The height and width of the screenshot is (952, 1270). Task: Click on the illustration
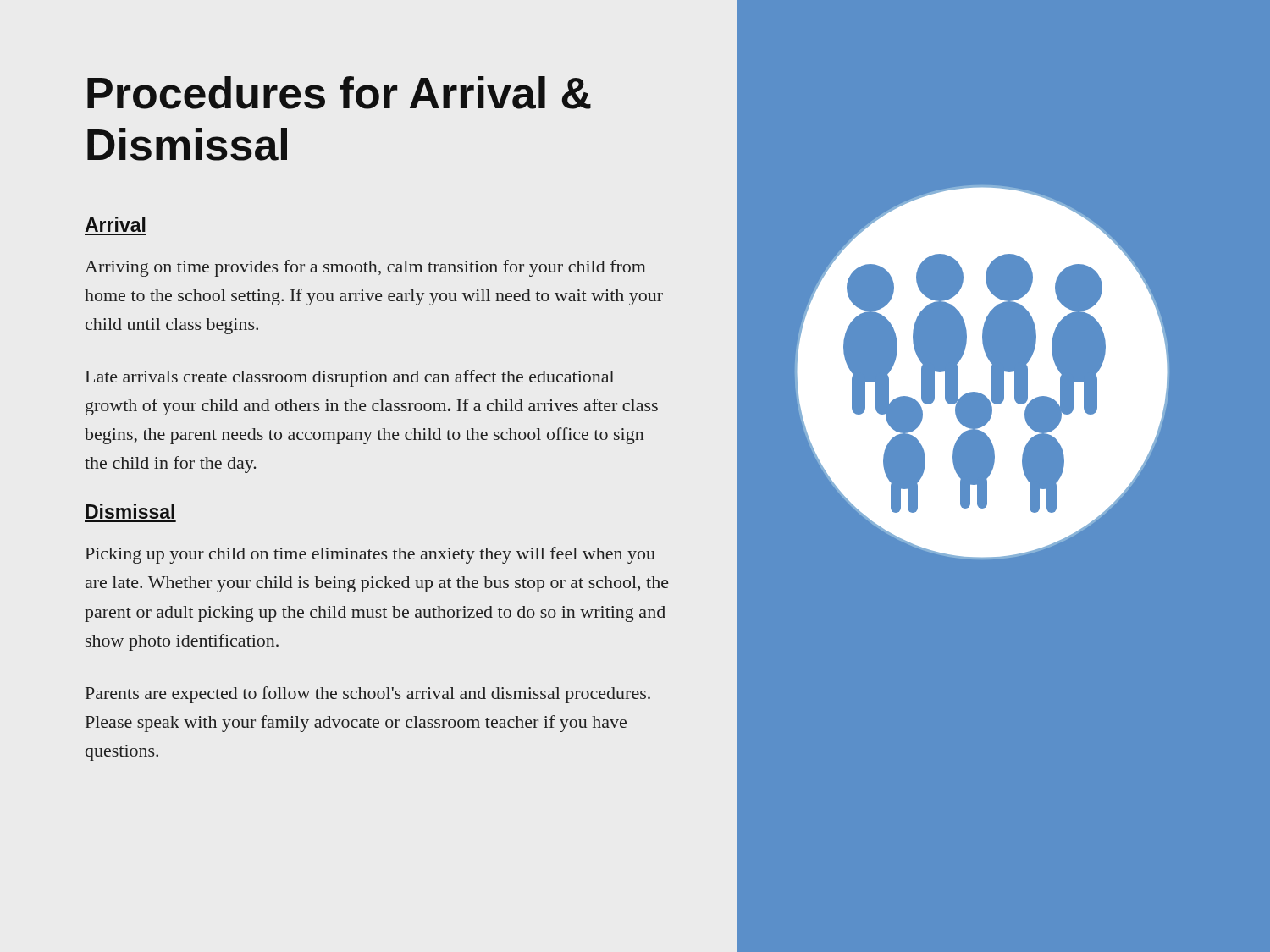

━━━━━━━━━━━━━━━━

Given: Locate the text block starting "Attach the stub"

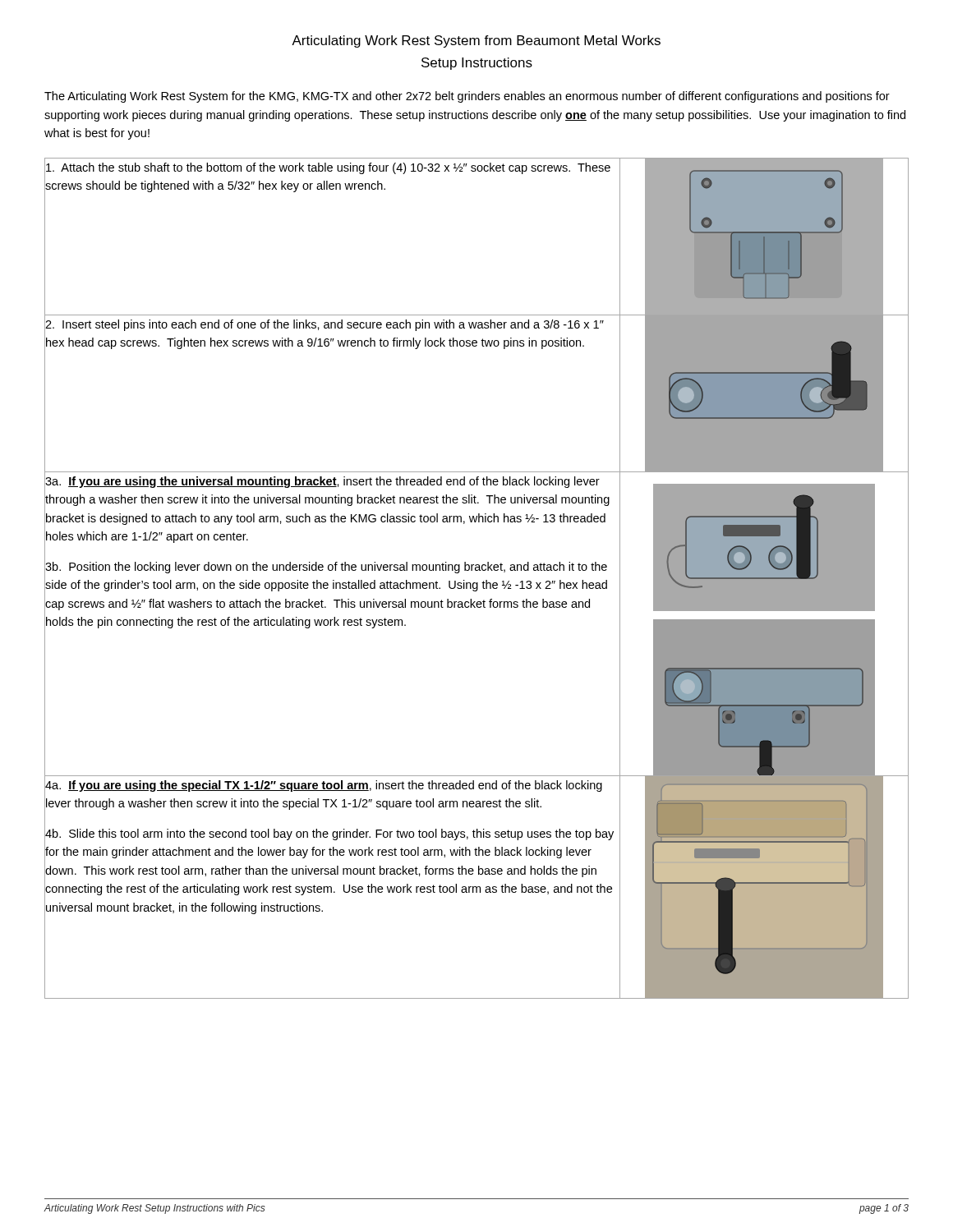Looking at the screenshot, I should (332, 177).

━━━━━━━━━━━━━━━━

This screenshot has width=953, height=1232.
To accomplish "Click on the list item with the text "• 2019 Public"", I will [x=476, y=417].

━━━━━━━━━━━━━━━━

● **GOAL OF THE EXERCISE**: Note each line of the entries that has "width" in it, and copy those lines.

● **ANSWER TO THIS PROBLEM**:
The height and width of the screenshot is (952, 1270). Task: Click on the illustration
This screenshot has width=953, height=1232.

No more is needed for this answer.